Tous ces travaux soulignent l'importance d'une approche multidisciplinaire associant biomatériaux, matériaux biocompatibles, régénération musculaire, intelligence artificielle et dispositifs implantables dans la chirurgie reconstructrice et la prise en charge des dysfonctionnements uro‑génitaux et sexuels.
Applications
[modifier | modifier le code]Les systèmes de muscles artificiels présentent un vaste potentiel d'applications dans la médecine, mais aussi dans les machines biomimétiques, notamment pour les robots (robotique molle y compris), les actionneurs industriels, et les exosquelettes motorisés.

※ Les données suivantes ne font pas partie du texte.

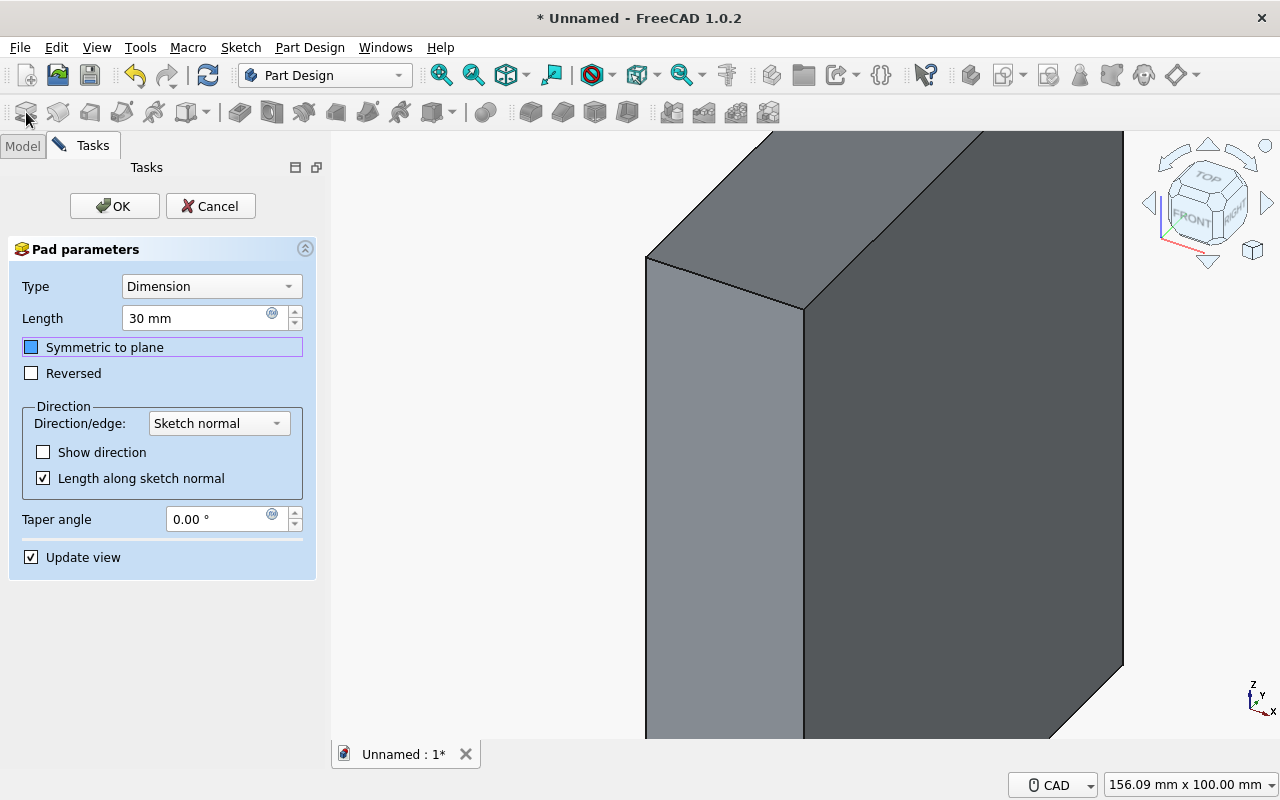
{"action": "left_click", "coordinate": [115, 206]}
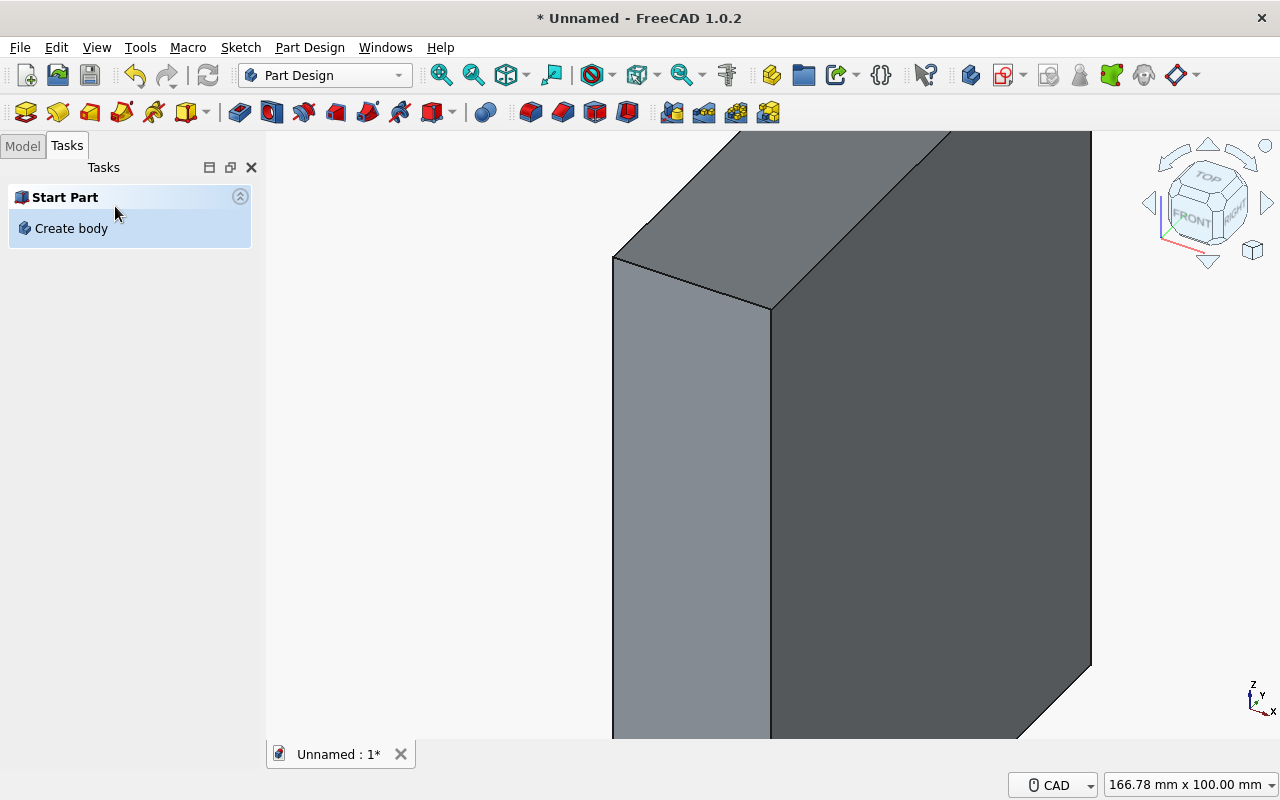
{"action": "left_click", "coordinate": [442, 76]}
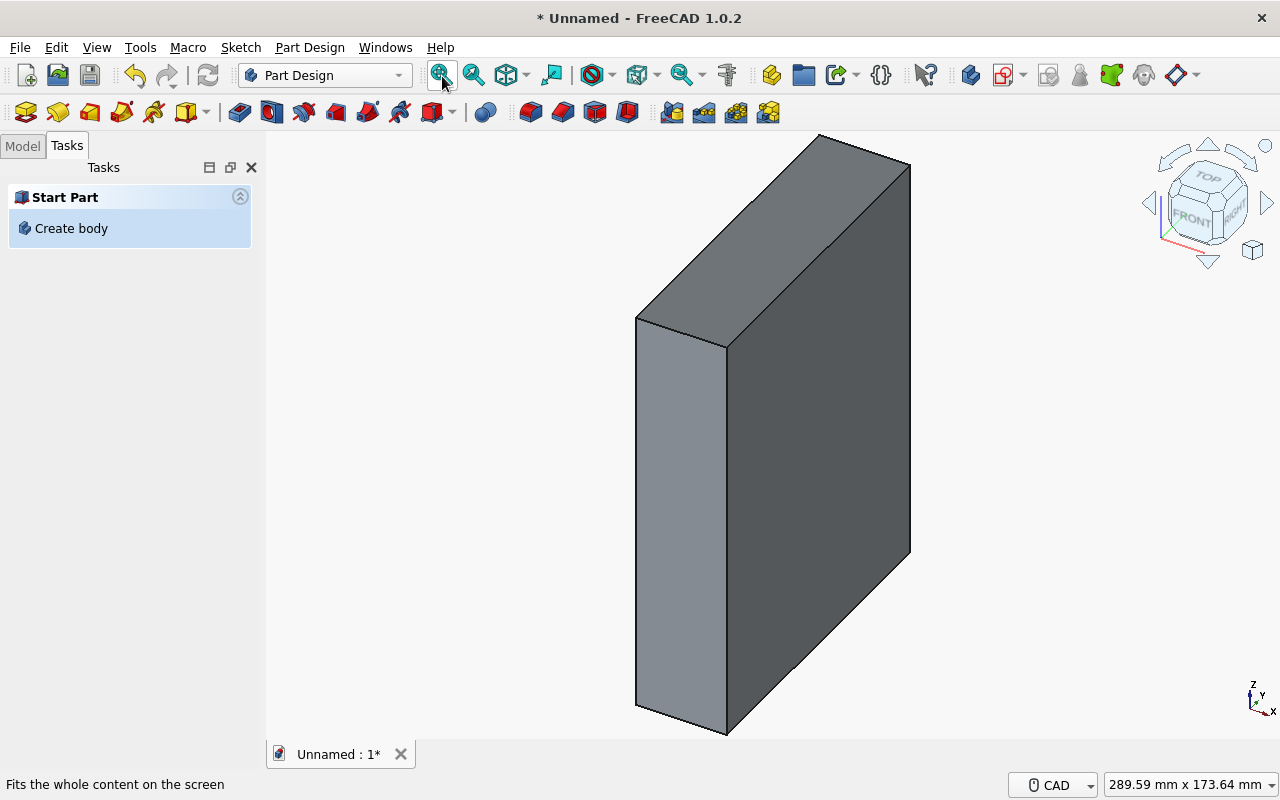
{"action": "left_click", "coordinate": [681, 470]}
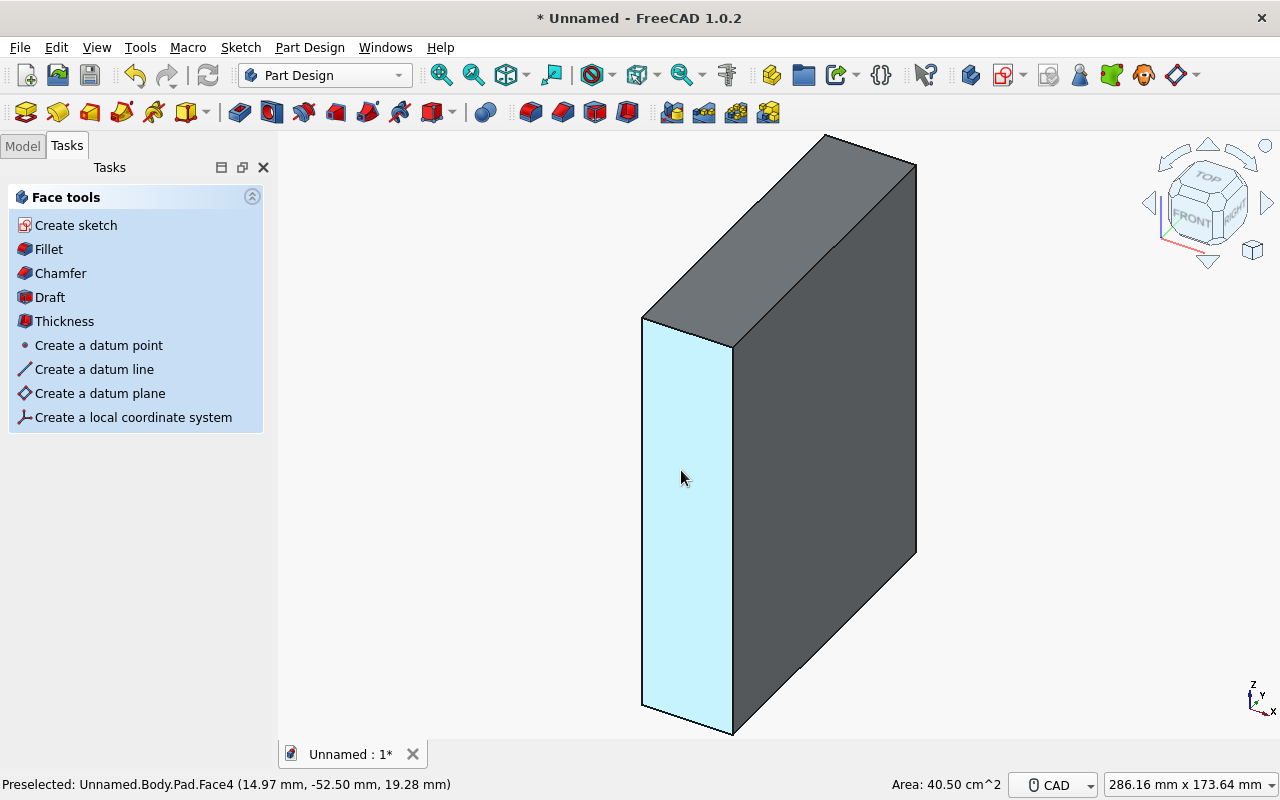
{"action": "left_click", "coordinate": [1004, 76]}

Les muscles artificiels à base d'EAP combinent légèreté, faible consommation d'énergie, résilience et d'agilité pour la locomotion et la manipulation[4]. Les futurs dispositifs EAP trouveront des applications dans l'aérospatiale, la construction automobile, la médecine, la robotique industrielle et domestique, certains mécanismes d'articulation, le divertissement, les jouets, l'animation les vêtements, les interfaces haptiques et tactiles, la réduction du bruit, les transducteurs, les générateurs d'énergie et les structures et matériaux intelligents[5].

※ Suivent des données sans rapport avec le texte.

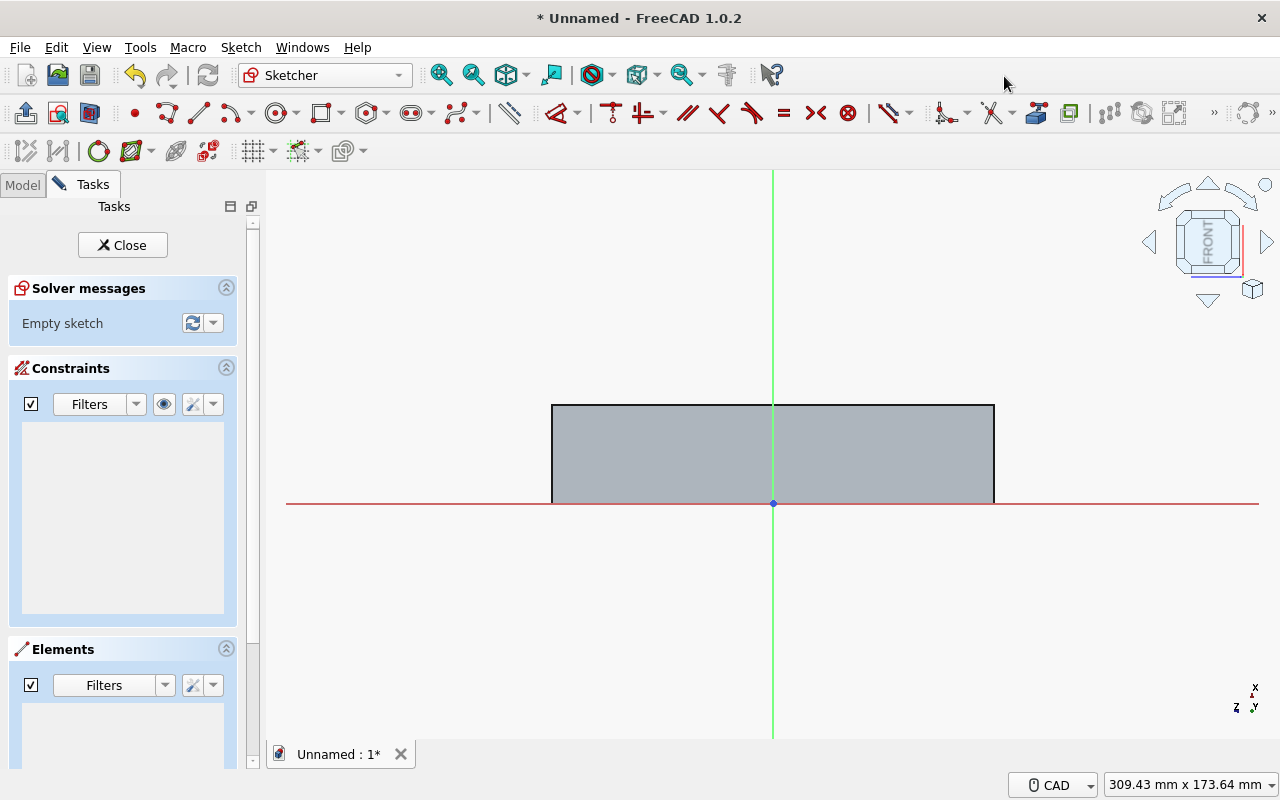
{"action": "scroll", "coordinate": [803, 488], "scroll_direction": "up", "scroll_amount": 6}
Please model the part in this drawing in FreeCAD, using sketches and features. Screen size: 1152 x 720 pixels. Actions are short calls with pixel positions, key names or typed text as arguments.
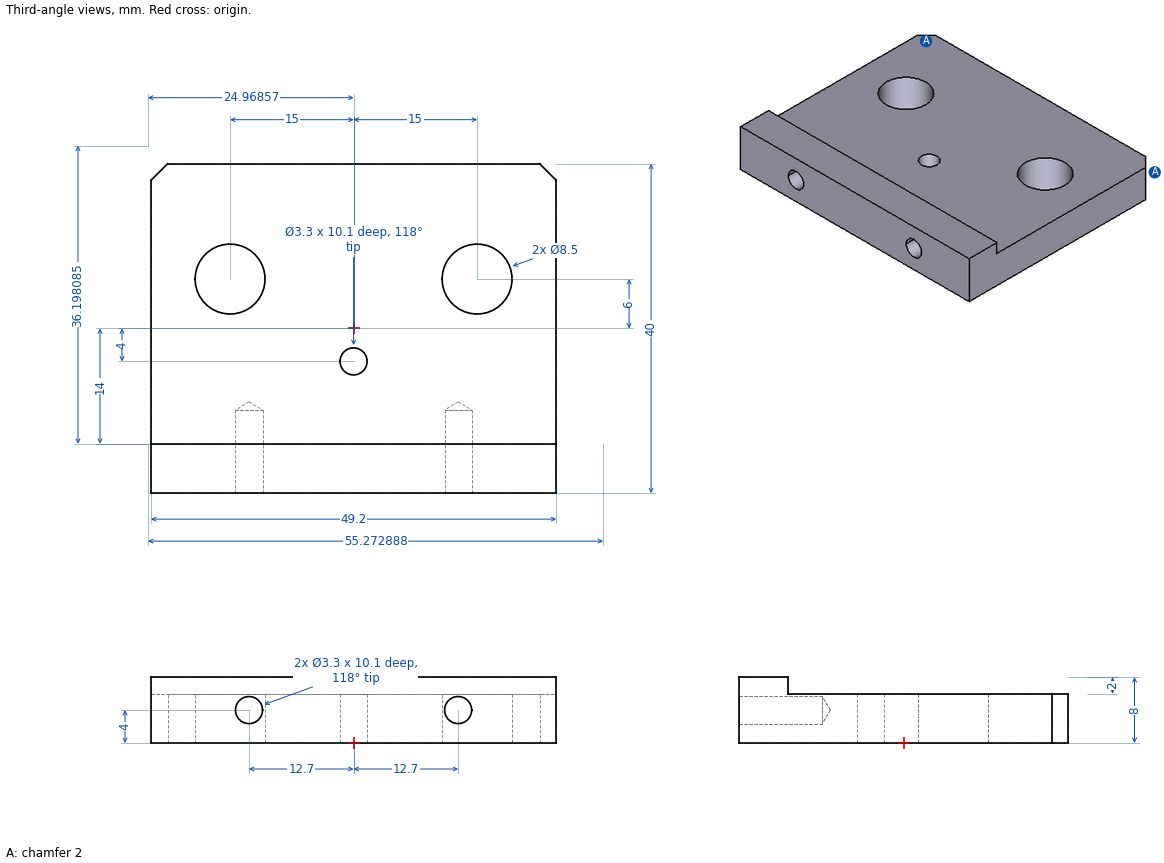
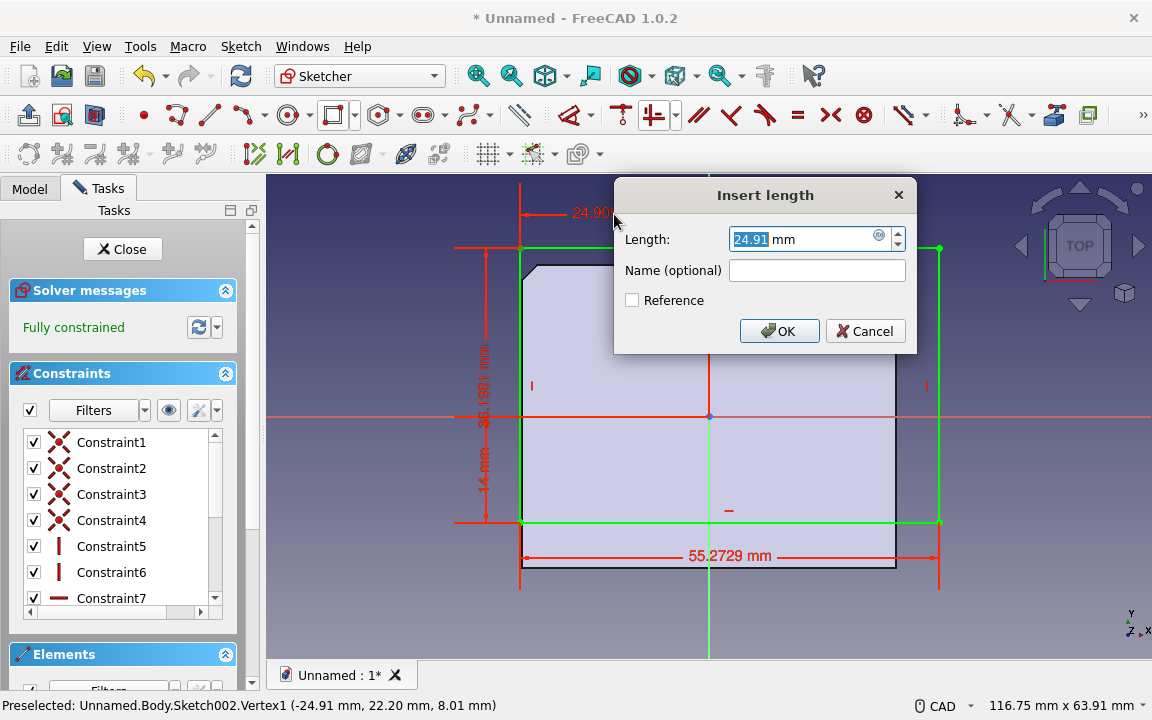
text(24.96857)
key(Return)
key(Escape)

Les muscles artificiels pneumatiques offrent une flexibilité, une contrôlabilité et une légèreté supérieures aux vérins pneumatiques classiques[26]. La plupart de leurs applications reposeront sans doute sur l'utilisation de muscles de type McKibben[26].
Les actionneurs thermiques, tels que les alliages à mémoire de forme (AMF), trouvent diverses applications militaires, médicales, de sécurité et robotiques, et pourraient en outre servir à générer de l'énergie par déformation mécanique[27].